First, the ability to act in personal capacity is constrained for large businesses that are part of conglomerates. The majority of shares in these companies are held by institutional and private investors who diversify their portfolios. The decrease in profitability in chemistry and metallurgy is offset by investments in the military-industrial complex.
An analysis of BASF’s shareholder structure revealed that the United States and Canada represent the largest regional grouping of institutional investors, accounting for 18% of the total share capital. Institutional investors from the United Kingdom and Ireland hold 6% of BASF shares, while 11% are held by investors from other European countries. The share held by institutional investors from Germany stands at only 5%, while those from other countries worldwide, including the Asia-Pacific region, account for 3%. Approximately 47% of shares are owned by private investors, most of whom are based in Germany, but they do not possess the ability to form a consolidated position.
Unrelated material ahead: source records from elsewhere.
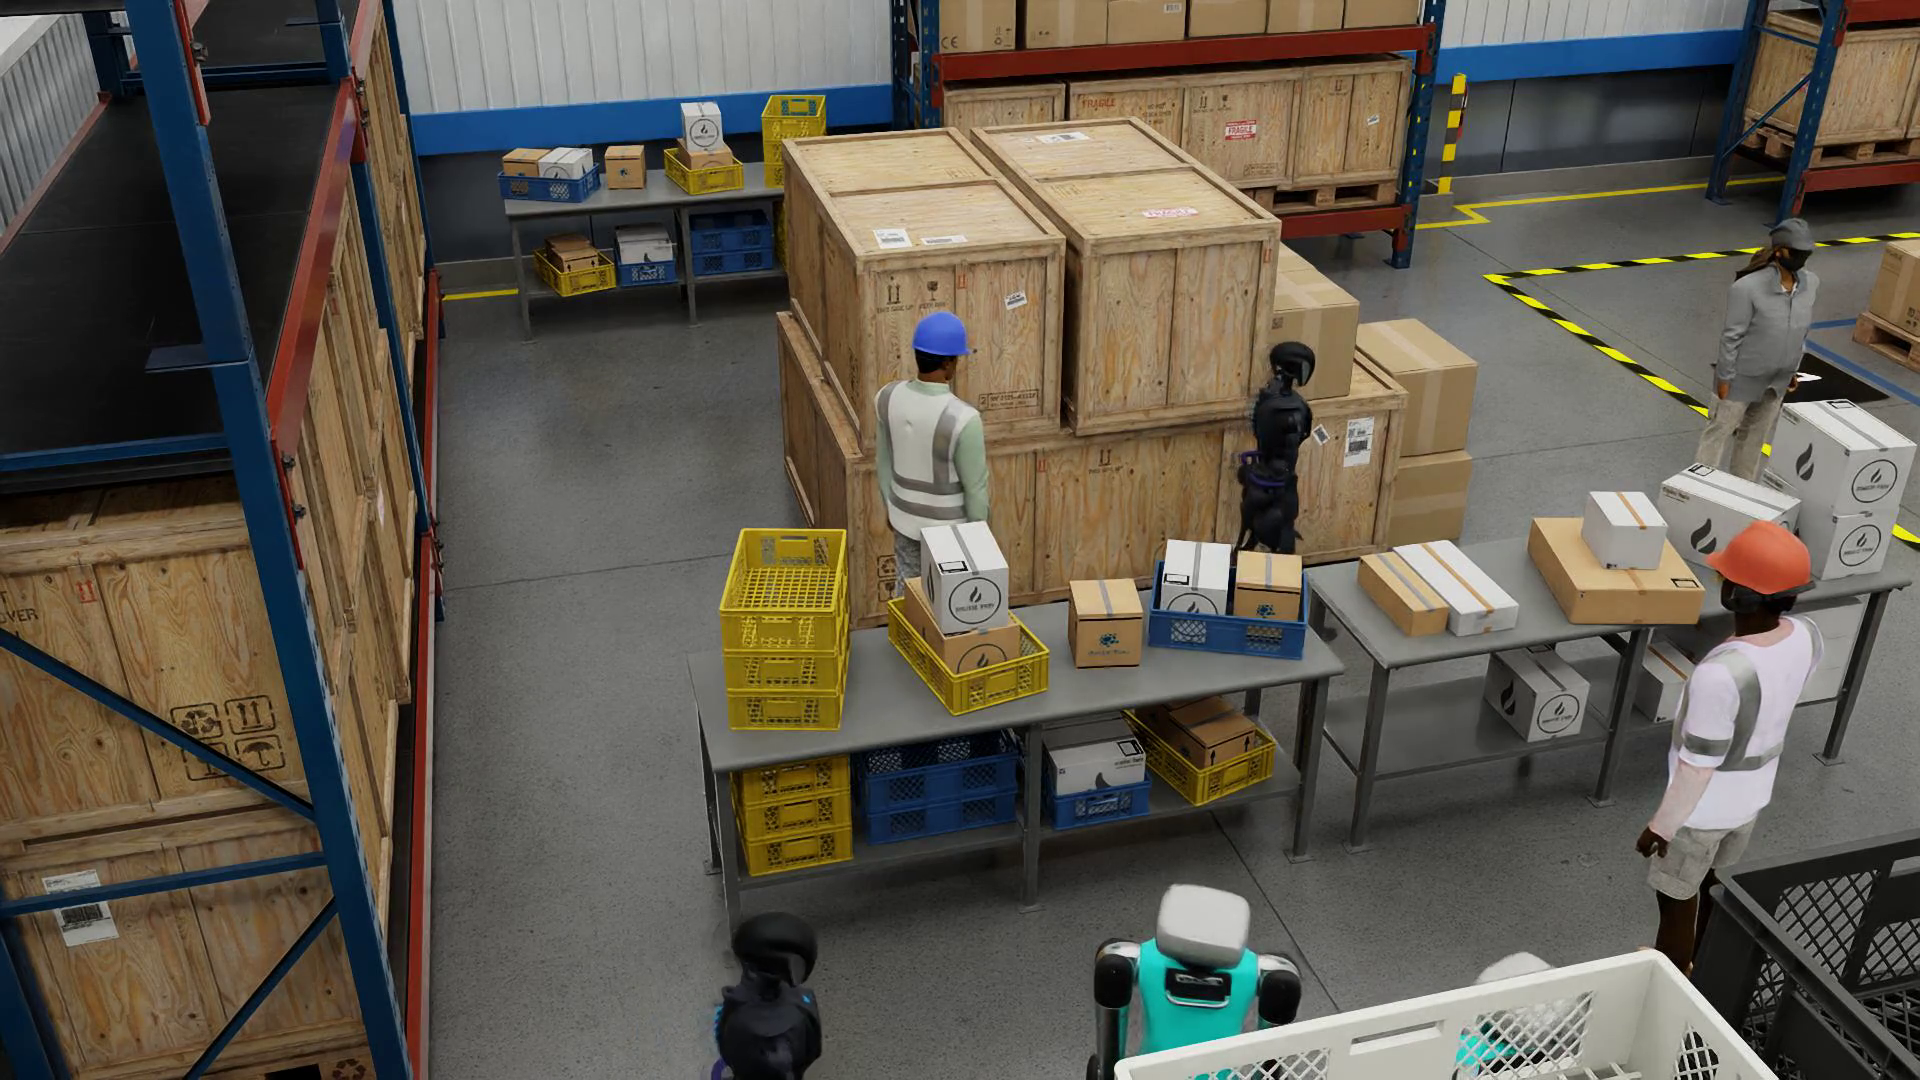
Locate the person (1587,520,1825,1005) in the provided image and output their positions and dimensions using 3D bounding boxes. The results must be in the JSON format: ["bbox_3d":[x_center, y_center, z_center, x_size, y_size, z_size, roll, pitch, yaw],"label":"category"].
[{"bbox_3d":[2.568,0.858,5.723,0.603,2.044,0.372,-20,35,-32],"label":"person"}]

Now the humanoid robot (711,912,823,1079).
[{"bbox_3d":[-0.489,1.656,4.671,0.650,1.638,0.612,-7,30,-13],"label":"humanoid robot"}]

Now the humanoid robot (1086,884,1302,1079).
[{"bbox_3d":[0.572,1.755,4.317,0.532,1.698,0.742,3,29,6],"label":"humanoid robot"}]

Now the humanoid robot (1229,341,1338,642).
[{"bbox_3d":[1.510,-0.220,8.117,0.784,1.635,0.612,-2,29,-4],"label":"humanoid robot"}]

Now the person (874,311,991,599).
[{"bbox_3d":[-0.107,-0.101,7.571,0.602,1.937,0.405,22,36,35],"label":"person"}]

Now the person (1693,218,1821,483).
[{"bbox_3d":[4.418,-0.933,9.254,0.564,1.769,0.395,-9,30,-16],"label":"person"}]

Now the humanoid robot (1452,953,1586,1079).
[{"bbox_3d":[1.475,1.869,4.173,0.688,1.764,0.537,23,36,36],"label":"humanoid robot"}]
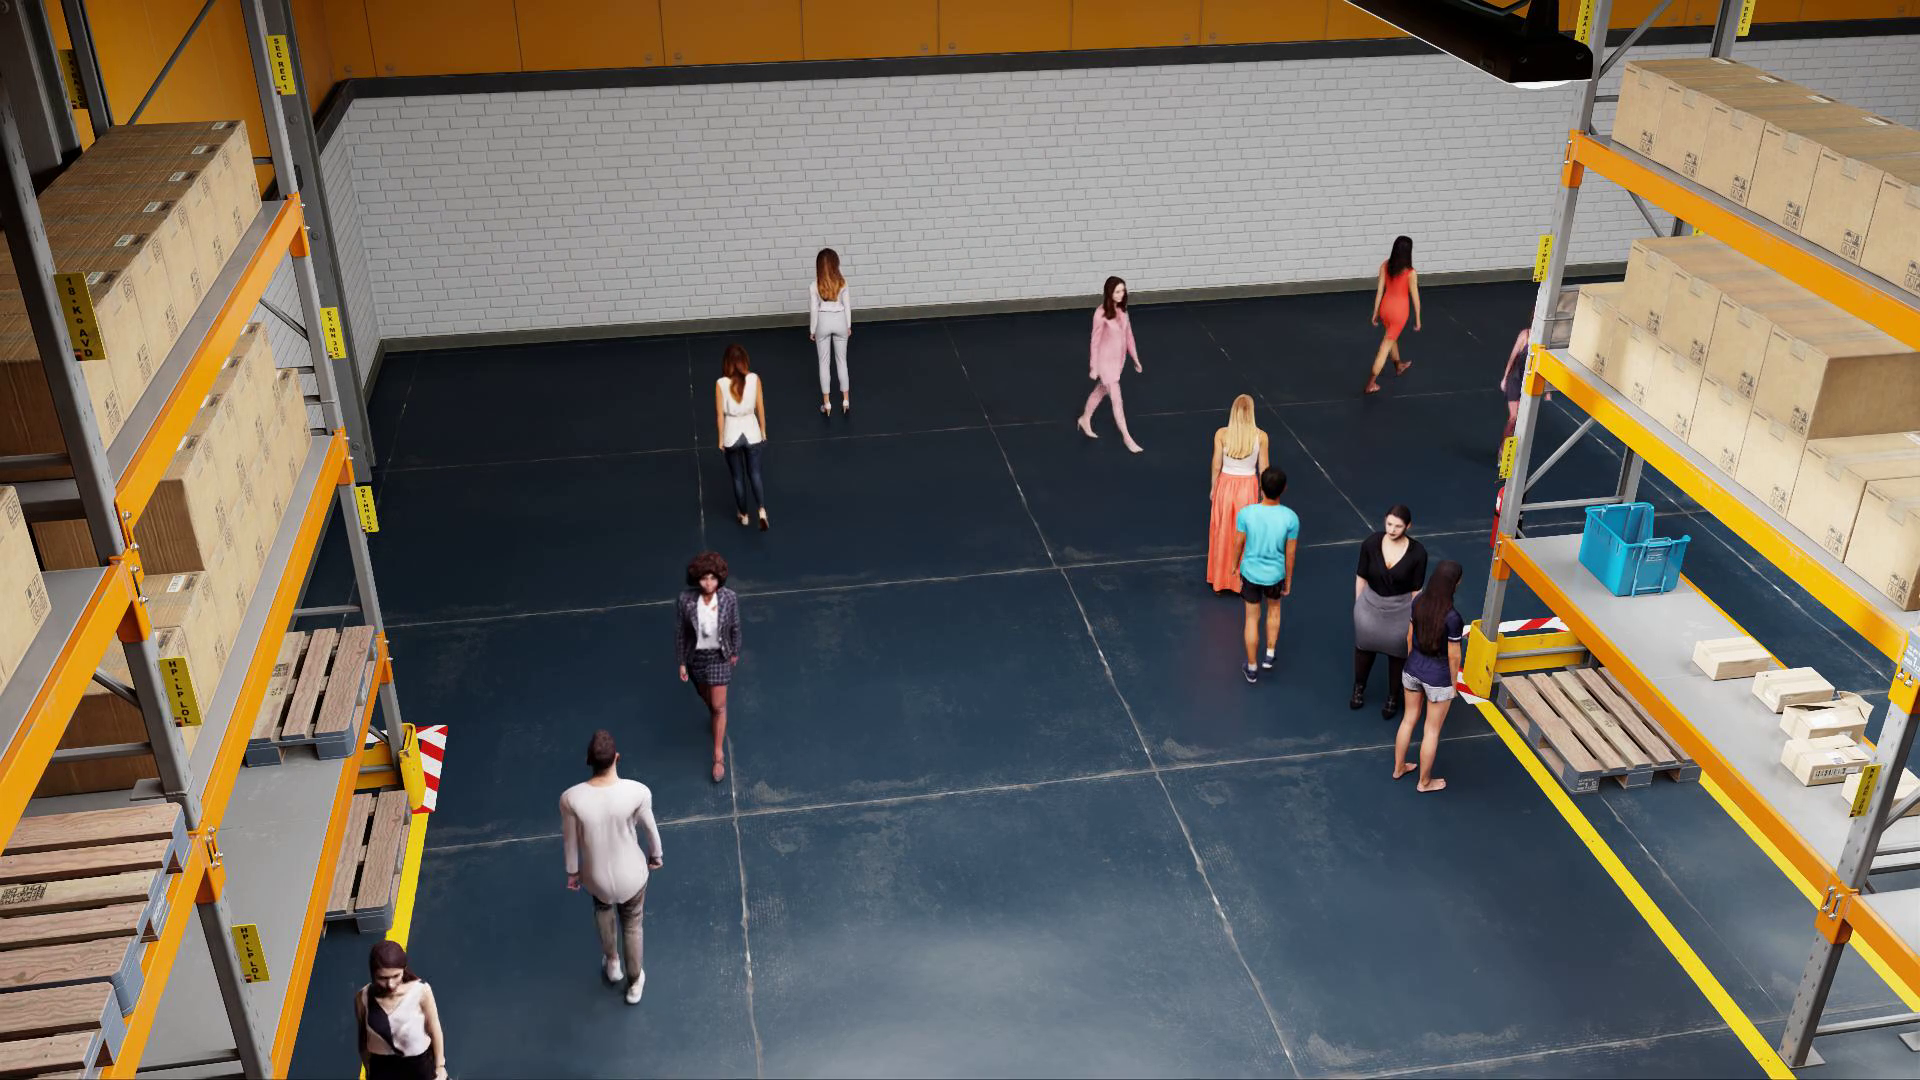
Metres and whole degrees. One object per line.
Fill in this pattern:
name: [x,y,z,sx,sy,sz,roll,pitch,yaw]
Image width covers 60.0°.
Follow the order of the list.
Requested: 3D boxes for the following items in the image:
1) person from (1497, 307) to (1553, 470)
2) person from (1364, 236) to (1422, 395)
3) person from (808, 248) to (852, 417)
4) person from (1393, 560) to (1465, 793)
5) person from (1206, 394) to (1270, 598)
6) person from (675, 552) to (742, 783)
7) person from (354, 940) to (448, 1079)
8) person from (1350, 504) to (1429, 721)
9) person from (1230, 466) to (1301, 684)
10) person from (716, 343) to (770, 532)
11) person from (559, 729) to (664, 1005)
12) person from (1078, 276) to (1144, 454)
person: [5.350,-1.491,15.873,0.604,1.749,0.747,2,29,4]
person: [4.514,-2.315,17.474,1.149,1.663,1.105,25,38,38]
person: [-1.321,-2.126,17.018,0.604,1.767,0.553,-8,30,-14]
person: [3.218,0.933,11.411,0.715,1.767,0.599,-19,34,-31]
person: [2.287,-0.364,13.752,0.722,1.802,0.731,8,30,15]
person: [-1.782,0.811,11.749,0.682,1.658,1.060,-2,29,-3]
person: [-2.785,2.629,8.445,0.575,1.631,0.888,-3,29,-5]
person: [3.139,0.512,12.193,0.784,1.757,0.816,13,31,22]
person: [2.289,0.314,12.553,0.699,1.760,0.705,3,29,6]
person: [-1.903,-0.862,14.695,0.666,1.773,0.900,-9,30,-16]
person: [-1.989,1.925,9.533,0.706,1.825,0.650,-4,29,-7]
person: [1.408,-1.745,16.336,1.197,1.751,1.051,25,37,37]
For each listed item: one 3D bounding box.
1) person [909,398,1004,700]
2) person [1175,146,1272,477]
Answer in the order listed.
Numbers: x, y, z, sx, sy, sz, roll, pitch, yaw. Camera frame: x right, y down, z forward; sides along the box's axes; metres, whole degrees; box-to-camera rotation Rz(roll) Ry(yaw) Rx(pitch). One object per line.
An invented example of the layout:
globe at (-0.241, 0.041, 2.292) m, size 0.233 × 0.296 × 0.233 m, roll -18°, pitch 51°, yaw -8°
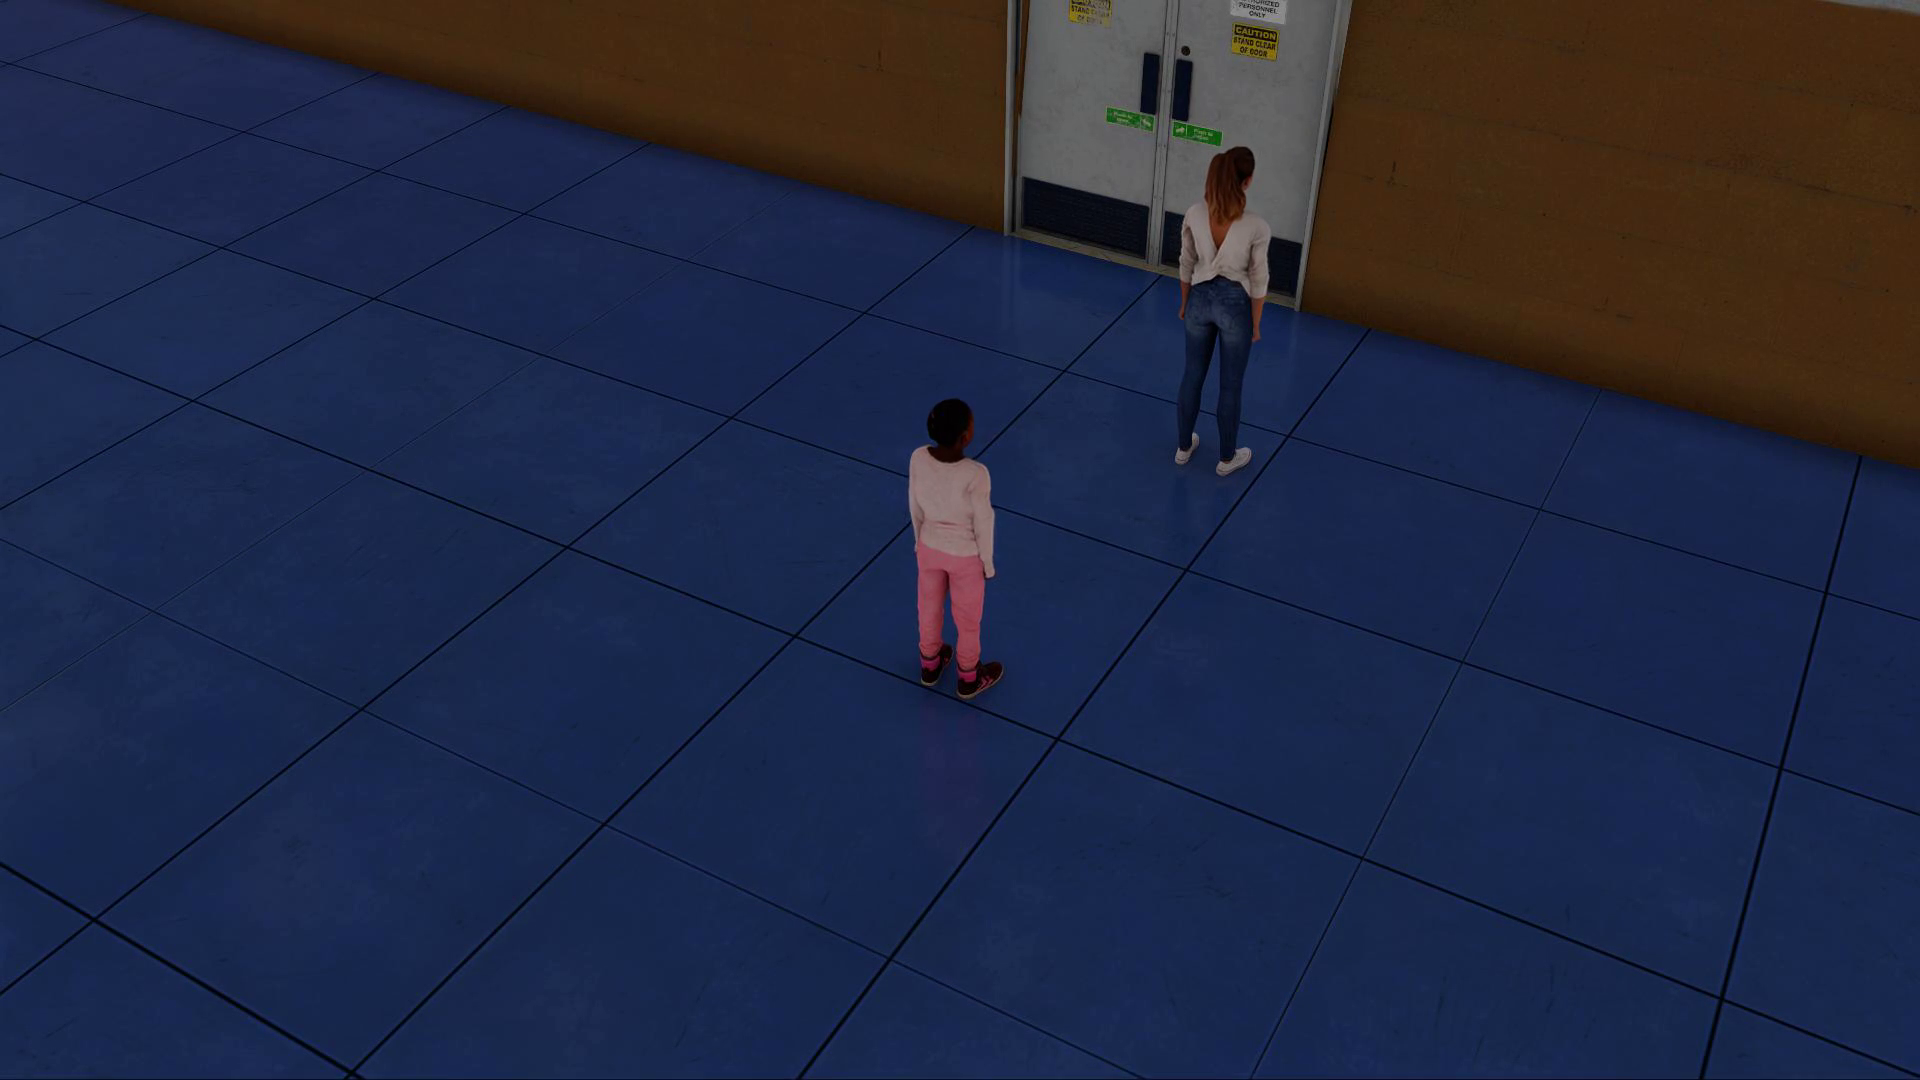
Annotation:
person at (-0.033, 0.027, 6.854) m, size 0.535 × 1.442 × 0.487 m, roll 21°, pitch 41°, yaw 25°
person at (1.270, -1.106, 8.134) m, size 0.604 × 1.719 × 0.509 m, roll 21°, pitch 41°, yaw 25°

Additionally, concerns are diversifying their activities geographically in order to reduce reliance on a single region. Top management has prioritized this objective, recognizing that a decline in revenue from one region, in this case Europe, necessitates a shift in focus to other regions such as the United States, the Middle East, or China.

Finally, small and medium-sized enterprises with limited access to financial resources and a more limited field of operations are the first to become insolvent. Larger companies (including multinational ones) are taking advantage of the opportunity to acquire assets.

Therefore, large businesses and institutional investors are adjusting to the current situation and creating opportunities to generate income. The current conflict environment is becoming stable and a new normality. And transition to a state of peace would mean additional stress and, potentially, a crisis for those industries that are currently generating huge profits.